# [Instructions to follow]
Each record below is to be output with no change at all.

[Items listed in a dataset]
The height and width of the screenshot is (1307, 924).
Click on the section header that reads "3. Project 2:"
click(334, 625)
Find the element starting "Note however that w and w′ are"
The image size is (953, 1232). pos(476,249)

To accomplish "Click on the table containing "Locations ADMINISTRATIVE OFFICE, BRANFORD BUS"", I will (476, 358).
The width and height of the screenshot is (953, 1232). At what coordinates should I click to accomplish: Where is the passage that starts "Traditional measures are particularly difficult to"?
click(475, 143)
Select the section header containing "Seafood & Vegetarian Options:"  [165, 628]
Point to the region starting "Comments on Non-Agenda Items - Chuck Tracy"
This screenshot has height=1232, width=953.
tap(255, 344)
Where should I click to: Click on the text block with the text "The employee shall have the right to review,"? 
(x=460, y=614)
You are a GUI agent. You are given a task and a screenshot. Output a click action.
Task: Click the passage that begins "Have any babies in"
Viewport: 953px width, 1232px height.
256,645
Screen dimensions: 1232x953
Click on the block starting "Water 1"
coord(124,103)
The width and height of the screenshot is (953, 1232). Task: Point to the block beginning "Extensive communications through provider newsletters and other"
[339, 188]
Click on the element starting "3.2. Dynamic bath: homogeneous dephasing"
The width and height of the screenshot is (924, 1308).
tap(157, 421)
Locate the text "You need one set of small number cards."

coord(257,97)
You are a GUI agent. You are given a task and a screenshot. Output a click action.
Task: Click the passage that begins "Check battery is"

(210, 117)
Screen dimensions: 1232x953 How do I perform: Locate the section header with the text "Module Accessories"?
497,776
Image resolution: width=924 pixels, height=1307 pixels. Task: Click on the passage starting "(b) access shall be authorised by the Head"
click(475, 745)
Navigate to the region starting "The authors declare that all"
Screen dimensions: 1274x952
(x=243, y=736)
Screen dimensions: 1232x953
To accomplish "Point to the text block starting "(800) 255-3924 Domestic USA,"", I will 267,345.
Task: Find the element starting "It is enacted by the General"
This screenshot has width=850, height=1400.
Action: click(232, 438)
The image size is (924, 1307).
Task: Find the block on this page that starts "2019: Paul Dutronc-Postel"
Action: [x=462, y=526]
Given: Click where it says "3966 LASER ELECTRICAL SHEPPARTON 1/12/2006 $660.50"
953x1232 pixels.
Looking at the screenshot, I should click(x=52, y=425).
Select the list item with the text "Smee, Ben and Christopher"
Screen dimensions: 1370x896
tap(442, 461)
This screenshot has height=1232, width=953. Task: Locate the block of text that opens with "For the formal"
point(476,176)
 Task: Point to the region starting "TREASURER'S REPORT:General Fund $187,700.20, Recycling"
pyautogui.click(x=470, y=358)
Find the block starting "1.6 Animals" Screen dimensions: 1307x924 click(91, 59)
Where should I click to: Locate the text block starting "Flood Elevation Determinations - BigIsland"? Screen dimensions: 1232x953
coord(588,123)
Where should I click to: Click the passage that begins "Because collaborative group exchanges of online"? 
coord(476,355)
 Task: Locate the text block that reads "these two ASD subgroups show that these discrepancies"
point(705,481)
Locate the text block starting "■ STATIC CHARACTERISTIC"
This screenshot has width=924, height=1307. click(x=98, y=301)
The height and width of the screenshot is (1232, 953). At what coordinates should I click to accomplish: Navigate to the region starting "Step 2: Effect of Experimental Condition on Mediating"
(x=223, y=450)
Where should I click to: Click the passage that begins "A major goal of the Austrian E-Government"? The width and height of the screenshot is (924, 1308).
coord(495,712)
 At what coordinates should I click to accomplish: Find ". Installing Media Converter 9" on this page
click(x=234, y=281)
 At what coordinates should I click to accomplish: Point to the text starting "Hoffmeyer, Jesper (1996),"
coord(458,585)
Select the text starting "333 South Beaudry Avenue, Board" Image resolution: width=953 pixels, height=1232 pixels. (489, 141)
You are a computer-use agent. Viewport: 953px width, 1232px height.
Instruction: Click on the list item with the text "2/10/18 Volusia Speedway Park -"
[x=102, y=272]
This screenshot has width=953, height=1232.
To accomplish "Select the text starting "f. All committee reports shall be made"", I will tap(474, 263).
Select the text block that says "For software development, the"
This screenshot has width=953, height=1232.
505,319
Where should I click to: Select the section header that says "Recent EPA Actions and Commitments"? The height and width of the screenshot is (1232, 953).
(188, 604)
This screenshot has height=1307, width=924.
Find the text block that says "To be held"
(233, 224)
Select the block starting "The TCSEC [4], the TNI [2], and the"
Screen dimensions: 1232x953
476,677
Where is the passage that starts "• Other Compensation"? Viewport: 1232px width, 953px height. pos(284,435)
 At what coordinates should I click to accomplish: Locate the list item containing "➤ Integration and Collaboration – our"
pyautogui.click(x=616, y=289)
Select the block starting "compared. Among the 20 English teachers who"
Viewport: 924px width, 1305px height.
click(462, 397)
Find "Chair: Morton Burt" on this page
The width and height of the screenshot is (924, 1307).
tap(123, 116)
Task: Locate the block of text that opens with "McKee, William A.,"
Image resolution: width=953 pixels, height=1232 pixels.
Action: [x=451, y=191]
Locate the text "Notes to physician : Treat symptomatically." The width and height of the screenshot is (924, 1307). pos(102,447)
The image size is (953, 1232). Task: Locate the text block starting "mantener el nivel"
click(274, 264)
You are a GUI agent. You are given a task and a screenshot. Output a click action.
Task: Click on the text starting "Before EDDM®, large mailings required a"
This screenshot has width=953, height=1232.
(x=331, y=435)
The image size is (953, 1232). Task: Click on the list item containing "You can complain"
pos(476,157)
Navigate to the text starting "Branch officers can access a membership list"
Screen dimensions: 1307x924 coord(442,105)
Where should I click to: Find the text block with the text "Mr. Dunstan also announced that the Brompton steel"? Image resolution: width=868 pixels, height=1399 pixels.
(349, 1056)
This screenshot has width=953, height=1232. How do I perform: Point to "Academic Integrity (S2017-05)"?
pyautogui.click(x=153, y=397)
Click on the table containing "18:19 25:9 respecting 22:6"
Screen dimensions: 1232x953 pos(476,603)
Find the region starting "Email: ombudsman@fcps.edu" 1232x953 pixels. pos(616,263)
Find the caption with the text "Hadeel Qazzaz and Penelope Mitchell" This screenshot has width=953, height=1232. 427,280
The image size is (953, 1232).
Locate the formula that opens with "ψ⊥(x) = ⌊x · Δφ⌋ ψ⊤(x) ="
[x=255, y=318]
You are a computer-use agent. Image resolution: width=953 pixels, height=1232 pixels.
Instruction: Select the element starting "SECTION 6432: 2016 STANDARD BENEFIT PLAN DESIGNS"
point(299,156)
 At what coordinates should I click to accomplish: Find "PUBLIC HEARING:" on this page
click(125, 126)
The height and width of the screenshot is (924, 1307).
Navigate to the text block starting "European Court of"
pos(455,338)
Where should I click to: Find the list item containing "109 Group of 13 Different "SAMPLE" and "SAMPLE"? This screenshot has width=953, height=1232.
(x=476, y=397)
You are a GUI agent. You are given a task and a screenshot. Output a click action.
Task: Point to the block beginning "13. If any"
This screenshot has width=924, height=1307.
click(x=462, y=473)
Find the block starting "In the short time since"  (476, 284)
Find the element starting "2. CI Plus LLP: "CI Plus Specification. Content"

# [Your response]
The height and width of the screenshot is (1307, 924).
Click on the section header that reads "3. Project 2:"
click(334, 625)
Find the element starting "Note however that w and w′ are"
The image size is (953, 1232). pos(476,249)

To accomplish "Click on the table containing "Locations ADMINISTRATIVE OFFICE, BRANFORD BUS"", I will (476, 358).
The width and height of the screenshot is (953, 1232). At what coordinates should I click to accomplish: Where is the passage that starts "Traditional measures are particularly difficult to"?
click(475, 143)
Select the section header containing "Seafood & Vegetarian Options:"  [165, 628]
Point to the region starting "Comments on Non-Agenda Items - Chuck Tracy"
This screenshot has height=1232, width=953.
tap(255, 344)
Where should I click to: Click on the text block with the text "The employee shall have the right to review,"? 
(x=460, y=614)
You are a GUI agent. You are given a task and a screenshot. Output a click action.
Task: Click the passage that begins "Have any babies in"
Viewport: 953px width, 1232px height.
256,645
Screen dimensions: 1232x953
Click on the block starting "Water 1"
coord(124,103)
The width and height of the screenshot is (953, 1232). Task: Point to the block beginning "Extensive communications through provider newsletters and other"
[339, 188]
Click on the element starting "3.2. Dynamic bath: homogeneous dephasing"
The width and height of the screenshot is (924, 1308).
tap(157, 421)
Locate the text "You need one set of small number cards."

coord(257,97)
You are a GUI agent. You are given a task and a screenshot. Output a click action.
Task: Click the passage that begins "Check battery is"

(210, 117)
Screen dimensions: 1232x953 How do I perform: Locate the section header with the text "Module Accessories"?
497,776
Image resolution: width=924 pixels, height=1307 pixels. Task: Click on the passage starting "(b) access shall be authorised by the Head"
click(475, 745)
Navigate to the region starting "The authors declare that all"
Screen dimensions: 1274x952
(x=243, y=736)
Screen dimensions: 1232x953
To accomplish "Point to the text block starting "(800) 255-3924 Domestic USA,"", I will 267,345.
Task: Find the element starting "It is enacted by the General"
This screenshot has width=850, height=1400.
Action: click(232, 438)
The image size is (924, 1307).
Task: Find the block on this page that starts "2019: Paul Dutronc-Postel"
Action: [x=462, y=526]
Given: Click where it says "3966 LASER ELECTRICAL SHEPPARTON 1/12/2006 $660.50"
953x1232 pixels.
Looking at the screenshot, I should click(x=52, y=425).
Select the list item with the text "Smee, Ben and Christopher"
Screen dimensions: 1370x896
tap(442, 461)
This screenshot has height=1232, width=953. Task: Locate the block of text that opens with "For the formal"
point(476,176)
 Task: Point to the region starting "TREASURER'S REPORT:General Fund $187,700.20, Recycling"
pyautogui.click(x=470, y=358)
Find the block starting "1.6 Animals" Screen dimensions: 1307x924 click(91, 59)
Where should I click to: Locate the text block starting "Flood Elevation Determinations - BigIsland"? Screen dimensions: 1232x953
coord(588,123)
Where should I click to: Click the passage that begins "Because collaborative group exchanges of online"? 
coord(476,355)
 Task: Locate the text block that reads "these two ASD subgroups show that these discrepancies"
point(705,481)
Locate the text block starting "■ STATIC CHARACTERISTIC"
This screenshot has width=924, height=1307. click(x=98, y=301)
The height and width of the screenshot is (1232, 953). At what coordinates should I click to accomplish: Navigate to the region starting "Step 2: Effect of Experimental Condition on Mediating"
(x=223, y=450)
Where should I click to: Click the passage that begins "A major goal of the Austrian E-Government"? The width and height of the screenshot is (924, 1308).
coord(495,712)
 At what coordinates should I click to accomplish: Find ". Installing Media Converter 9" on this page
click(x=234, y=281)
 At what coordinates should I click to accomplish: Point to the text starting "Hoffmeyer, Jesper (1996),"
coord(458,585)
Select the text starting "333 South Beaudry Avenue, Board" Image resolution: width=953 pixels, height=1232 pixels. (489, 141)
You are a computer-use agent. Viewport: 953px width, 1232px height.
Instruction: Click on the list item with the text "2/10/18 Volusia Speedway Park -"
[x=102, y=272]
This screenshot has width=953, height=1232.
To accomplish "Select the text starting "f. All committee reports shall be made"", I will tap(474, 263).
Select the text block that says "For software development, the"
This screenshot has width=953, height=1232.
505,319
Where should I click to: Select the section header that says "Recent EPA Actions and Commitments"? The height and width of the screenshot is (1232, 953).
(188, 604)
This screenshot has height=1307, width=924.
Find the text block that says "To be held"
(233, 224)
Select the block starting "The TCSEC [4], the TNI [2], and the"
Screen dimensions: 1232x953
476,677
Where is the passage that starts "• Other Compensation"? Viewport: 1232px width, 953px height. pos(284,435)
 At what coordinates should I click to accomplish: Locate the list item containing "➤ Integration and Collaboration – our"
pyautogui.click(x=616, y=289)
Select the block starting "compared. Among the 20 English teachers who"
Viewport: 924px width, 1305px height.
click(462, 397)
Find "Chair: Morton Burt" on this page
The width and height of the screenshot is (924, 1307).
tap(123, 116)
Task: Locate the block of text that opens with "McKee, William A.,"
Image resolution: width=953 pixels, height=1232 pixels.
Action: [x=451, y=191]
Locate the text "Notes to physician : Treat symptomatically." The width and height of the screenshot is (924, 1307). pos(102,447)
The image size is (953, 1232). Task: Locate the text block starting "mantener el nivel"
click(274, 264)
You are a GUI agent. You are given a task and a screenshot. Output a click action.
Task: Click on the text starting "Before EDDM®, large mailings required a"
This screenshot has width=953, height=1232.
(x=331, y=435)
The image size is (953, 1232). Task: Click on the list item containing "You can complain"
pos(476,157)
Navigate to the text starting "Branch officers can access a membership list"
Screen dimensions: 1307x924 coord(442,105)
Where should I click to: Find the text block with the text "Mr. Dunstan also announced that the Brompton steel"? Image resolution: width=868 pixels, height=1399 pixels.
(349, 1056)
This screenshot has width=953, height=1232. How do I perform: Point to "Academic Integrity (S2017-05)"?
pyautogui.click(x=153, y=397)
Click on the table containing "18:19 25:9 respecting 22:6"
Screen dimensions: 1232x953 pos(476,603)
Find the region starting "Email: ombudsman@fcps.edu" 1232x953 pixels. pos(616,263)
Find the caption with the text "Hadeel Qazzaz and Penelope Mitchell" This screenshot has width=953, height=1232. 427,280
The image size is (953, 1232).
Locate the formula that opens with "ψ⊥(x) = ⌊x · Δφ⌋ ψ⊤(x) ="
[x=255, y=318]
You are a computer-use agent. Image resolution: width=953 pixels, height=1232 pixels.
Instruction: Select the element starting "SECTION 6432: 2016 STANDARD BENEFIT PLAN DESIGNS"
point(299,156)
 At what coordinates should I click to accomplish: Find "PUBLIC HEARING:" on this page
click(125, 126)
The height and width of the screenshot is (924, 1307).
Navigate to the text block starting "European Court of"
pos(455,338)
Where should I click to: Find the list item containing "109 Group of 13 Different "SAMPLE" and "SAMPLE"? This screenshot has width=953, height=1232.
(x=476, y=397)
You are a GUI agent. You are given a task and a screenshot. Output a click action.
Task: Point to the block beginning "13. If any"
This screenshot has width=924, height=1307.
click(x=462, y=473)
Find the block starting "In the short time since"  (476, 284)
Find the element starting "2. CI Plus LLP: "CI Plus Specification. Content"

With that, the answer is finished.